What does a Comprehensive Metabolic Panel blood test check for?
The complete metabolic panel (CMP) is a set of 20 tests that provides critical information to a healthcare professional about a person's current metabolic status, check for liver or kidney disease, electrolyte and acid/base balance, and blood glucose and blood protein levels. Abnormal results, particularly when they are combined, can suggest a problem that needs to be addressed.
The following tests are included in the CMP:
Albumin: this is a measure of Albumin levels in your blood. Albumin is a protein made by the liver that is responsible for many vital roles including transporting nutrients throughout the body and preventing fluid from leaking out of blood vessels.
Albumin/Globulin Ratio: this is a ratio between your total Albumin and Globulin
Alkaline Phosphatase: this is a measure of Alkaline phosphatase or ALP in your blood. Alkaline phosphatase is a protein found in all body tissues, however the ALP found in blood comes from the liver and bones. Elevated levels are often associated with liver damage, gallbladder disease, or bone disorder.
Alt: this is a measure of Alanine transaminase or ALT in your blood. Alanine Aminotransferase is an enzyme found in the highest amounts in the liver with small amounts in the heart and muscles. Elevated levels are often associated with liver damage.
AST: this is a measure of Aspartate Aminotransferase or AST. Aspartate Aminotransferase is an enzyme found mostly in the heart and liver, with smaller amounts in the kidney and muscles.
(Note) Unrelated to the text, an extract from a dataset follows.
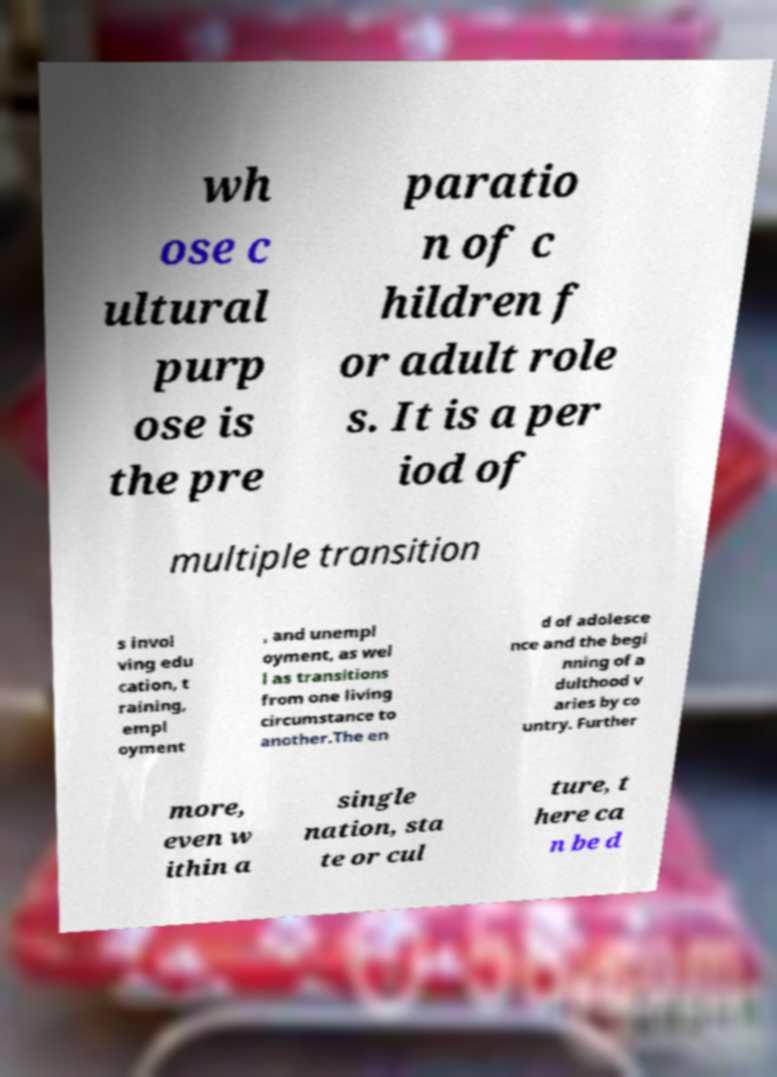Could you extract and type out the text from this image? wh ose c ultural purp ose is the pre paratio n of c hildren f or adult role s. It is a per iod of multiple transition s invol ving edu cation, t raining, empl oyment , and unempl oyment, as wel l as transitions from one living circumstance to another.The en d of adolesce nce and the begi nning of a dulthood v aries by co untry. Further more, even w ithin a single nation, sta te or cul ture, t here ca n be d

Elevated levels are often associated with liver damage.
Bilirubin, Total: this is a measure of bilirubin in your blood. Bilirubin is an orange-yellowish waste product produced from the breakdown of heme which is a component of hemoglobin found in red blood cells. The liver is responsible for removal of bilirubin from the body.
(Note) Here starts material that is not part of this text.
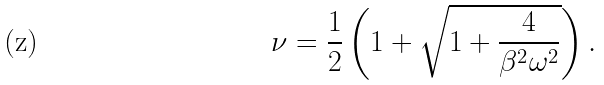Convert formula to latex. <formula><loc_0><loc_0><loc_500><loc_500>\nu = \frac { 1 } { 2 } \left ( 1 + \sqrt { 1 + \frac { 4 } { \beta ^ { 2 } \omega ^ { 2 } } } \right ) .</formula> 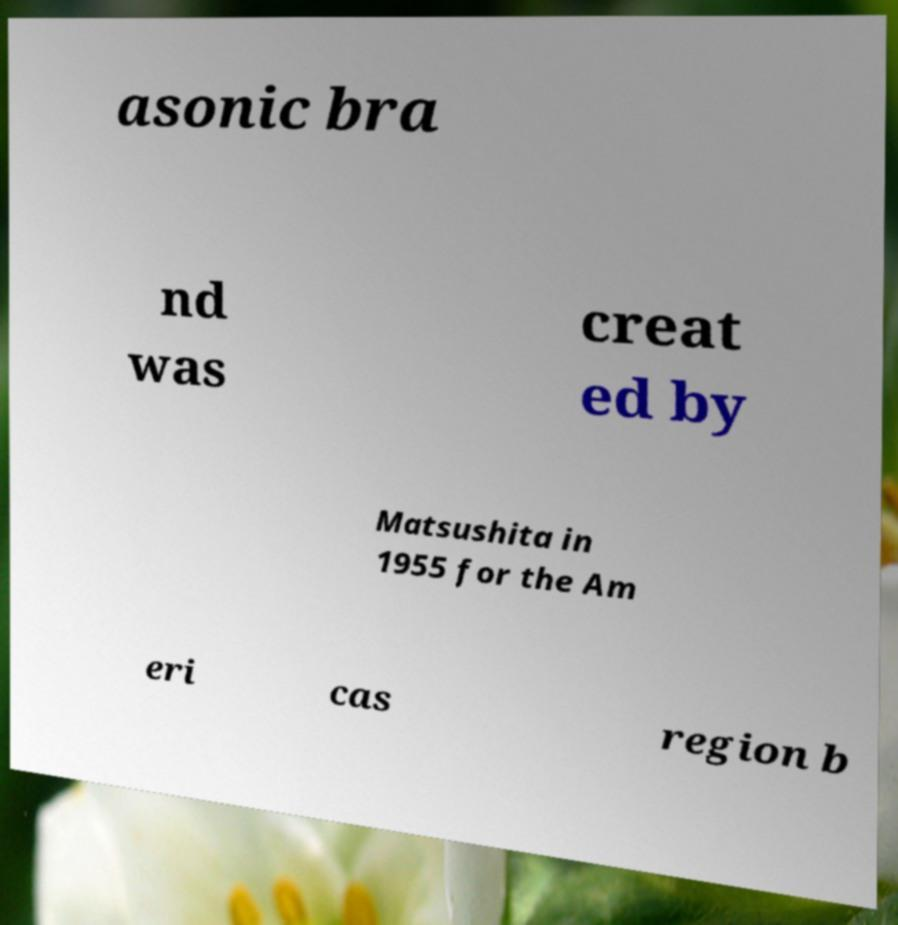Could you extract and type out the text from this image? asonic bra nd was creat ed by Matsushita in 1955 for the Am eri cas region b

Bun/Creatinine Ratio: this is a ratio between your Urea Nitrogen (BUN) result and Creatinine result.
Calcium: this is a measurement of calcium in your blood. Calcium is the most abundant and one of the most important minerals in the body as it essential for proper nerve, muscle, and heart function.
Calcium: is used for blood clot formation and the formation and maintenance of bones and teeth.
Carbon Dioxide: this is a measure of carbon dioxide in your blood. Carbon dioxide is a negatively charged electrolyte that works with other electrolytes such as chloride, potassium, and sodium to regulate the body’s acid-base balance and fluid levels.
Chloride: this is a measure of Chloride in your blood. Chloride is a negatively charged electrolyte that works with other electrolytes such as potassium and sodium to regulate the body’s acid-base balance and fluid levels.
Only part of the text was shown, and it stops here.